SUPPLIED RECORDS section start
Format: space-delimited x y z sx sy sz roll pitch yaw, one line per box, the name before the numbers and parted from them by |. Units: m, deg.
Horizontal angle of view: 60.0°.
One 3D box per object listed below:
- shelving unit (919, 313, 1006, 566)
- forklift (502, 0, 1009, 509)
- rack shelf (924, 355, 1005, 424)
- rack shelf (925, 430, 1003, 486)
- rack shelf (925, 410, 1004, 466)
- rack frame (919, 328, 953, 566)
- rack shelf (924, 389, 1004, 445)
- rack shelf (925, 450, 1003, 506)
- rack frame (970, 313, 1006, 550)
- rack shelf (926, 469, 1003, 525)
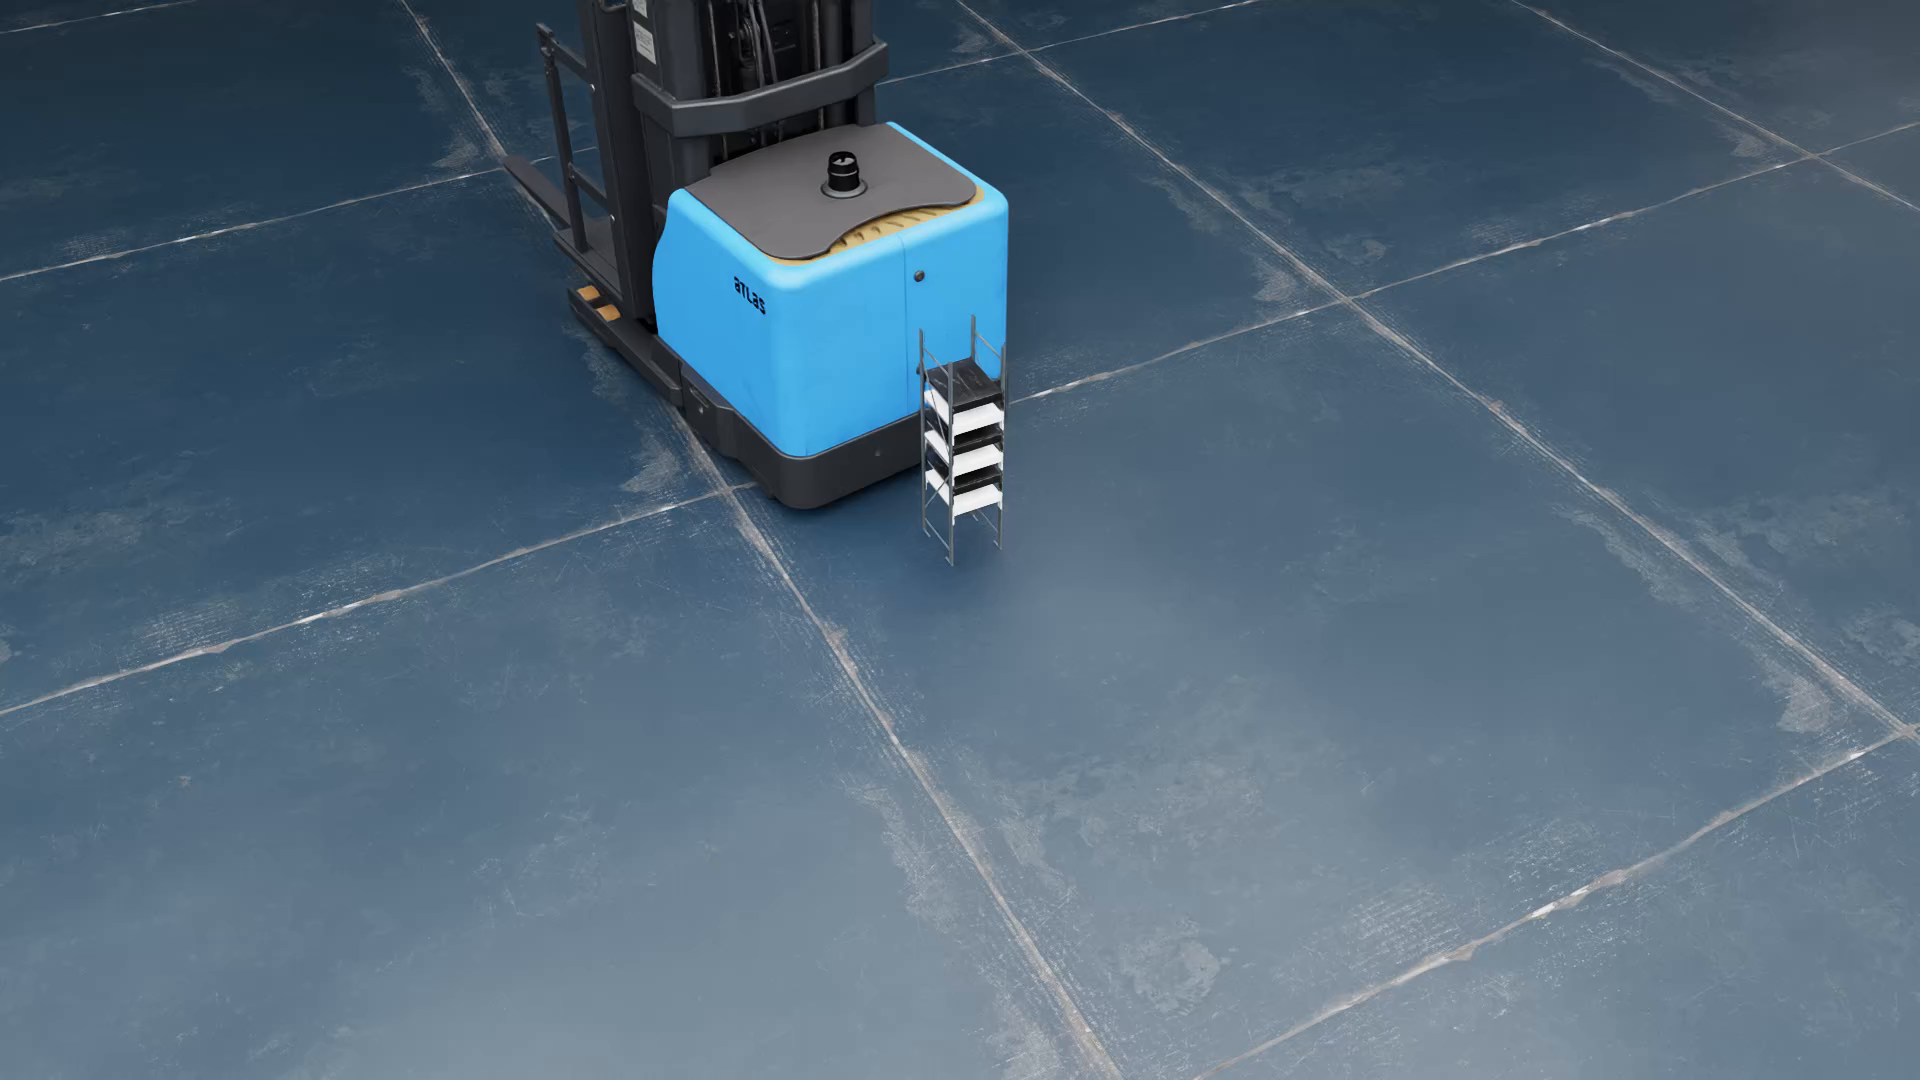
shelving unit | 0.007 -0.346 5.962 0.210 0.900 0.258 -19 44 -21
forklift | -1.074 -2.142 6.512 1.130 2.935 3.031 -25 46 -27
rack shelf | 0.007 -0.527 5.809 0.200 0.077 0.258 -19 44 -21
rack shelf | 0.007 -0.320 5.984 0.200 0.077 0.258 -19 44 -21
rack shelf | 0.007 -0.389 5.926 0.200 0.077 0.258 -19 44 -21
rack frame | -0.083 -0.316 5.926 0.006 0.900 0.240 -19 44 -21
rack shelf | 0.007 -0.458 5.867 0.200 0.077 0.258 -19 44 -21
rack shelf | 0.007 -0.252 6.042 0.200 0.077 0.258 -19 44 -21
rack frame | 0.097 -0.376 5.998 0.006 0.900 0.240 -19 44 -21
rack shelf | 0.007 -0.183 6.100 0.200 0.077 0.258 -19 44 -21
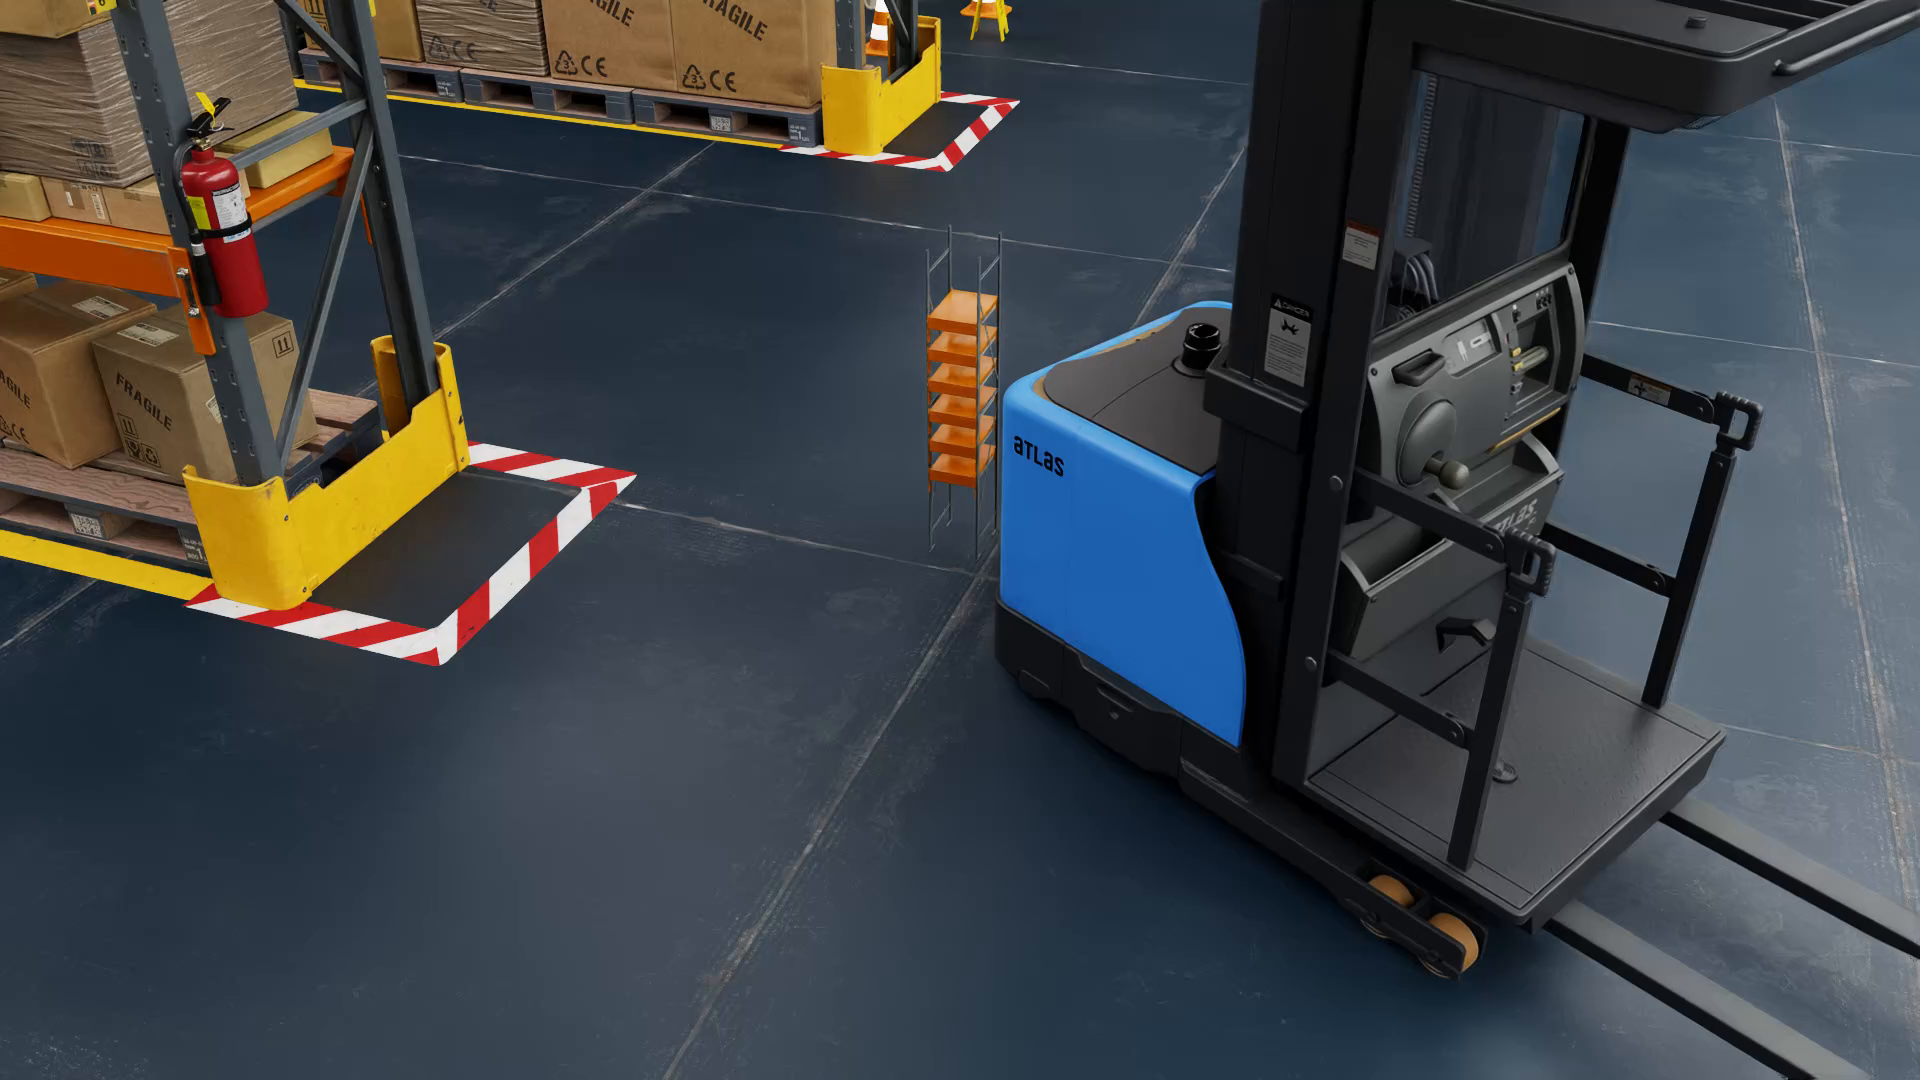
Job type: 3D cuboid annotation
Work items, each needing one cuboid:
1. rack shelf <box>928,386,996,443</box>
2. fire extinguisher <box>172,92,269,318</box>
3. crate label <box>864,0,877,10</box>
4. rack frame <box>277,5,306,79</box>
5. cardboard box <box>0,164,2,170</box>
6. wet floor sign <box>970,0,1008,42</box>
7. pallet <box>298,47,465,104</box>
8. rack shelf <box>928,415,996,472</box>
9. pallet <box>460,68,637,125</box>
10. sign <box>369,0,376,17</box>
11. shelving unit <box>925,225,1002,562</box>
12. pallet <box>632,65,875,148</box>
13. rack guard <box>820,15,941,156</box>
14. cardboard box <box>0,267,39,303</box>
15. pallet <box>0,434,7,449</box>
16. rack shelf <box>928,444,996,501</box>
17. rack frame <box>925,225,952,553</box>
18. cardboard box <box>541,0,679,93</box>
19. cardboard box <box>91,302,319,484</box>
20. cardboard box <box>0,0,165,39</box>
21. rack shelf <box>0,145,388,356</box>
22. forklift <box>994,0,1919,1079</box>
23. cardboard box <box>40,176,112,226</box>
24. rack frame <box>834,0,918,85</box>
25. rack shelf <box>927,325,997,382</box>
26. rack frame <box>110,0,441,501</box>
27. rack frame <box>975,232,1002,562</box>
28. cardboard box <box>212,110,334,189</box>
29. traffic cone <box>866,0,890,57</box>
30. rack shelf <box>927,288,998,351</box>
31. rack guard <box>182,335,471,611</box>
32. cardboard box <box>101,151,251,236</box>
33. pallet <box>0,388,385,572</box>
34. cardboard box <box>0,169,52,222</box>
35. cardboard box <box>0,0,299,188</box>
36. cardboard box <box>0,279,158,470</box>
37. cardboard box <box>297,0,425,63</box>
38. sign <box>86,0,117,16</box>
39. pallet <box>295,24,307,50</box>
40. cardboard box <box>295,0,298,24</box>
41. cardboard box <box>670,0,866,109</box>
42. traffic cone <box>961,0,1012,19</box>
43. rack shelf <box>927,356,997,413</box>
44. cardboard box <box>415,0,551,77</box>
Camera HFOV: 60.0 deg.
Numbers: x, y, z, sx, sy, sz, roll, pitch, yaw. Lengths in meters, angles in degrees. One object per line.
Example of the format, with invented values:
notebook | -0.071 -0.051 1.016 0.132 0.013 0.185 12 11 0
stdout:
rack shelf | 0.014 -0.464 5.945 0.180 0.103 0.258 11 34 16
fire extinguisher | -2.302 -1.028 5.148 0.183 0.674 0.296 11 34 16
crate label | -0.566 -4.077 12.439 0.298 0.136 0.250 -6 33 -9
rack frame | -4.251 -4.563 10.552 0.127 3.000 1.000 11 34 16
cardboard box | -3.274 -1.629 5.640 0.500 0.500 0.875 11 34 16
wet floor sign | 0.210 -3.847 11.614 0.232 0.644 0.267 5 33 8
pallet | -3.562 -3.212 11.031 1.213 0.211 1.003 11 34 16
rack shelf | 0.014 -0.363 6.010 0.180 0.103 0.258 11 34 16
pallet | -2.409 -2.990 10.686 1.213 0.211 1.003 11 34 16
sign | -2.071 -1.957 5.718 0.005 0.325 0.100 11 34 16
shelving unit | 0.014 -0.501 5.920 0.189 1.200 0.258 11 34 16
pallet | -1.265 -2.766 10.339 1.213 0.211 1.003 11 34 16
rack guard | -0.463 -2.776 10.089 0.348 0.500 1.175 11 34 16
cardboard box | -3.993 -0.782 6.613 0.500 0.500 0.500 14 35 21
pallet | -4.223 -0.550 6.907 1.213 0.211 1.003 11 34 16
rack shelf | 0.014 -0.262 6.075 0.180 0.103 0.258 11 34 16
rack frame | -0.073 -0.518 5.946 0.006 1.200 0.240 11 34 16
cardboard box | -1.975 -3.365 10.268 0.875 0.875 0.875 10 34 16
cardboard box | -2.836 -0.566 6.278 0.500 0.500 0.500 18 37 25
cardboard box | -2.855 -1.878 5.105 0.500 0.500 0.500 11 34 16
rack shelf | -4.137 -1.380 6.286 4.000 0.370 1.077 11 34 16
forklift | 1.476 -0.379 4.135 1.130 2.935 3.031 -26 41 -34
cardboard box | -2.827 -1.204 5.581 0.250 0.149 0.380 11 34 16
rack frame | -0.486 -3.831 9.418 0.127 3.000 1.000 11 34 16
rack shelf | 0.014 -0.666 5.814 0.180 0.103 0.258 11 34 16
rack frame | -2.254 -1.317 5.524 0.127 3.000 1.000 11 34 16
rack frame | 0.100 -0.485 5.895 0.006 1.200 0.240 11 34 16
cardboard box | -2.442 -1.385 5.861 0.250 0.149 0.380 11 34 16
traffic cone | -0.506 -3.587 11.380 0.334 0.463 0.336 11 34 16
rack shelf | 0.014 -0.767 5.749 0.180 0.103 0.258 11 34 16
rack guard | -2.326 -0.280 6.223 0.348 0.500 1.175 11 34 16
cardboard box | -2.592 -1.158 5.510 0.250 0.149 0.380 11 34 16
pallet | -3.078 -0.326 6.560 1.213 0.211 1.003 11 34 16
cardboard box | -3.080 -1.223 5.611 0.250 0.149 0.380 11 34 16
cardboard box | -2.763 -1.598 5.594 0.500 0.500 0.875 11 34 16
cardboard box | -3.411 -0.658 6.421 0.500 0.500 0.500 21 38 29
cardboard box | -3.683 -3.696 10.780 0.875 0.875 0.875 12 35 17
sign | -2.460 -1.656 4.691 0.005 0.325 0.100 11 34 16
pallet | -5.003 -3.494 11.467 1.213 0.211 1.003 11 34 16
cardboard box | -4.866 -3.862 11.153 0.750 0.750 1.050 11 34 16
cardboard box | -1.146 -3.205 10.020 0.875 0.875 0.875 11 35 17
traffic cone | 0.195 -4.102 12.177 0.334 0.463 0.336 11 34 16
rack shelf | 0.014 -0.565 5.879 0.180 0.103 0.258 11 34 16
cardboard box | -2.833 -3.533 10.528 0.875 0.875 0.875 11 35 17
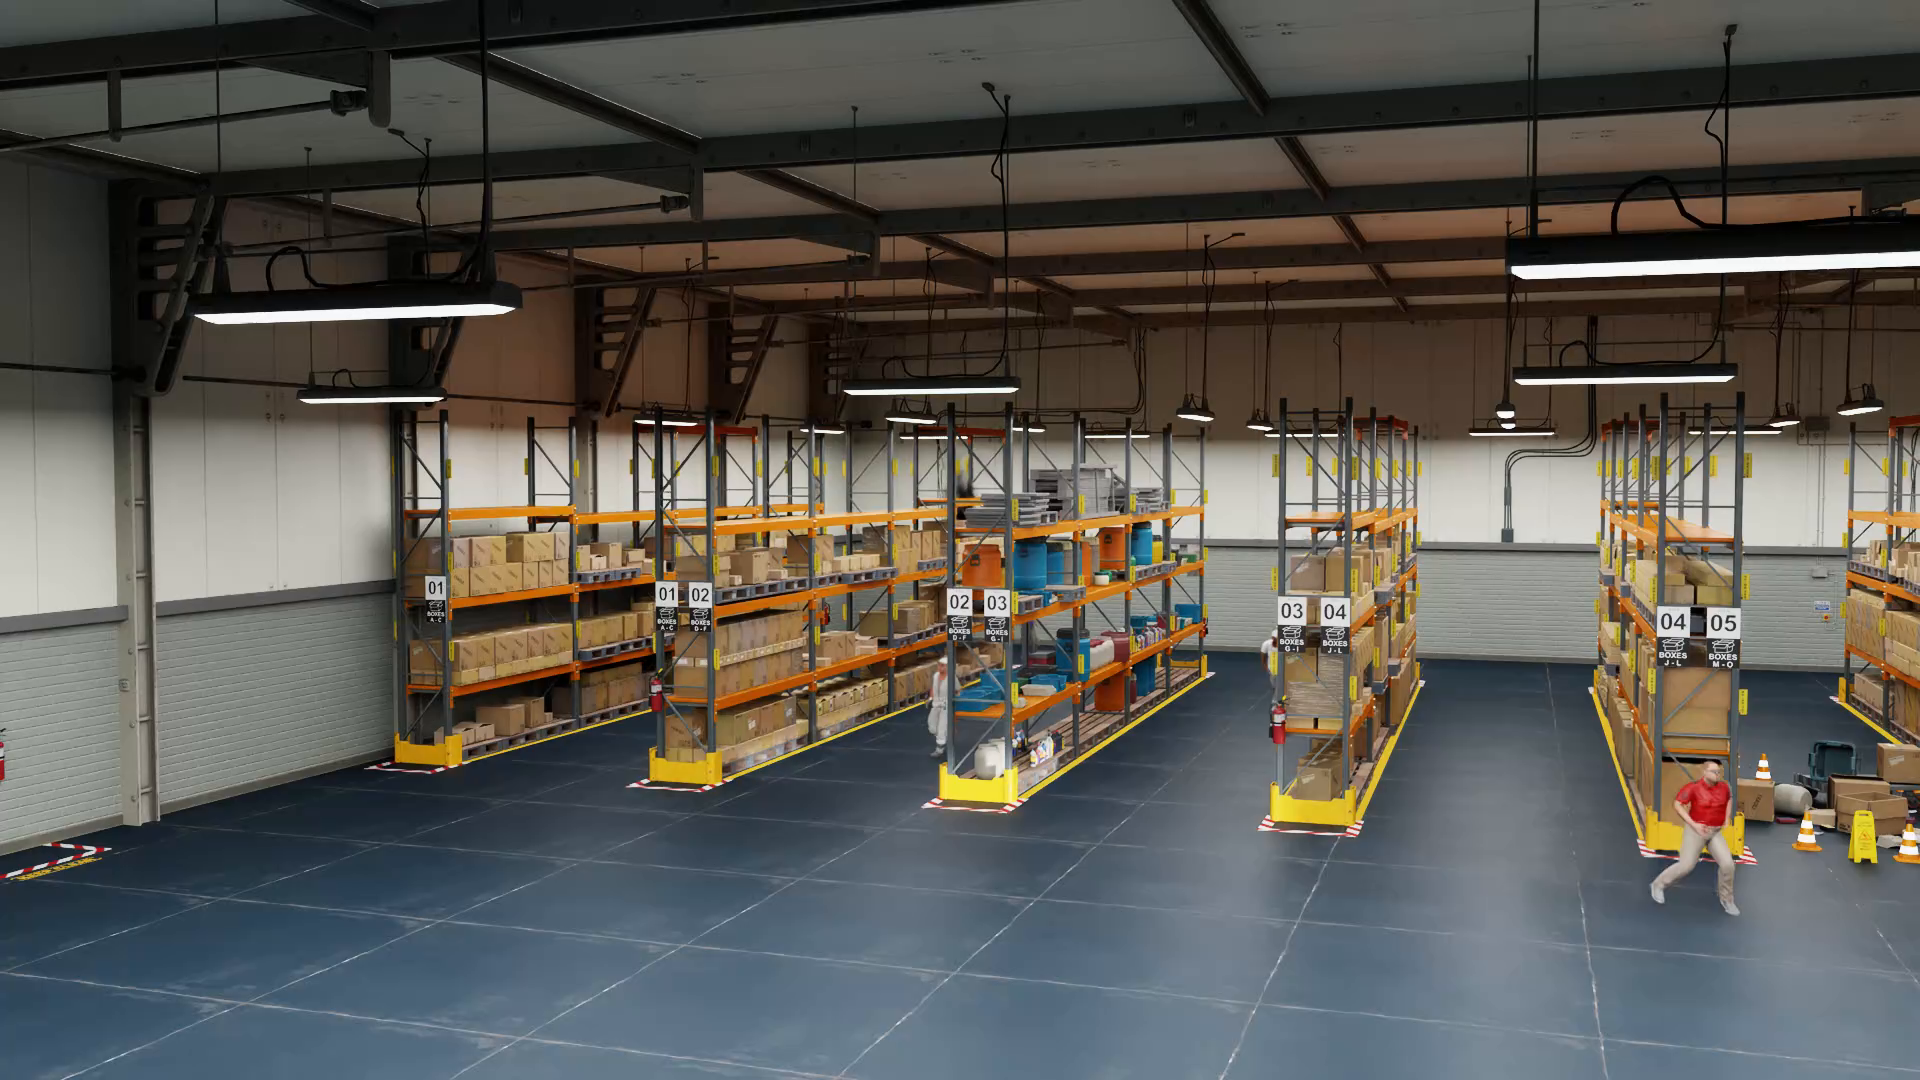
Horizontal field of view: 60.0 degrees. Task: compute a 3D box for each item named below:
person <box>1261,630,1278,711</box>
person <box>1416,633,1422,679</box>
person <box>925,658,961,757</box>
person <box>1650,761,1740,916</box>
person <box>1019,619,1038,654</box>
SUPPLIED RECORDS section end
» **PROMPT**
What you write must match the listing exactly, from the line with "- rack shelf (924, 389, 1004, 445)" up to and including the line with "8. rack shelf <box>928,415,996,472</box>". Pictures stay out.

» **THE ANSWER**
- rack shelf (924, 389, 1004, 445)
- rack shelf (925, 450, 1003, 506)
- rack frame (970, 313, 1006, 550)
- rack shelf (926, 469, 1003, 525)
shelving unit | 0.007 -0.346 5.962 0.210 0.900 0.258 -19 44 -21
forklift | -1.074 -2.142 6.512 1.130 2.935 3.031 -25 46 -27
rack shelf | 0.007 -0.527 5.809 0.200 0.077 0.258 -19 44 -21
rack shelf | 0.007 -0.320 5.984 0.200 0.077 0.258 -19 44 -21
rack shelf | 0.007 -0.389 5.926 0.200 0.077 0.258 -19 44 -21
rack frame | -0.083 -0.316 5.926 0.006 0.900 0.240 -19 44 -21
rack shelf | 0.007 -0.458 5.867 0.200 0.077 0.258 -19 44 -21
rack shelf | 0.007 -0.252 6.042 0.200 0.077 0.258 -19 44 -21
rack frame | 0.097 -0.376 5.998 0.006 0.900 0.240 -19 44 -21
rack shelf | 0.007 -0.183 6.100 0.200 0.077 0.258 -19 44 -21
Job type: 3D cuboid annotation
Work items, each needing one cuboid:
1. rack shelf <box>928,386,996,443</box>
2. fire extinguisher <box>172,92,269,318</box>
3. crate label <box>864,0,877,10</box>
4. rack frame <box>277,5,306,79</box>
5. cardboard box <box>0,164,2,170</box>
6. wet floor sign <box>970,0,1008,42</box>
7. pallet <box>298,47,465,104</box>
8. rack shelf <box>928,415,996,472</box>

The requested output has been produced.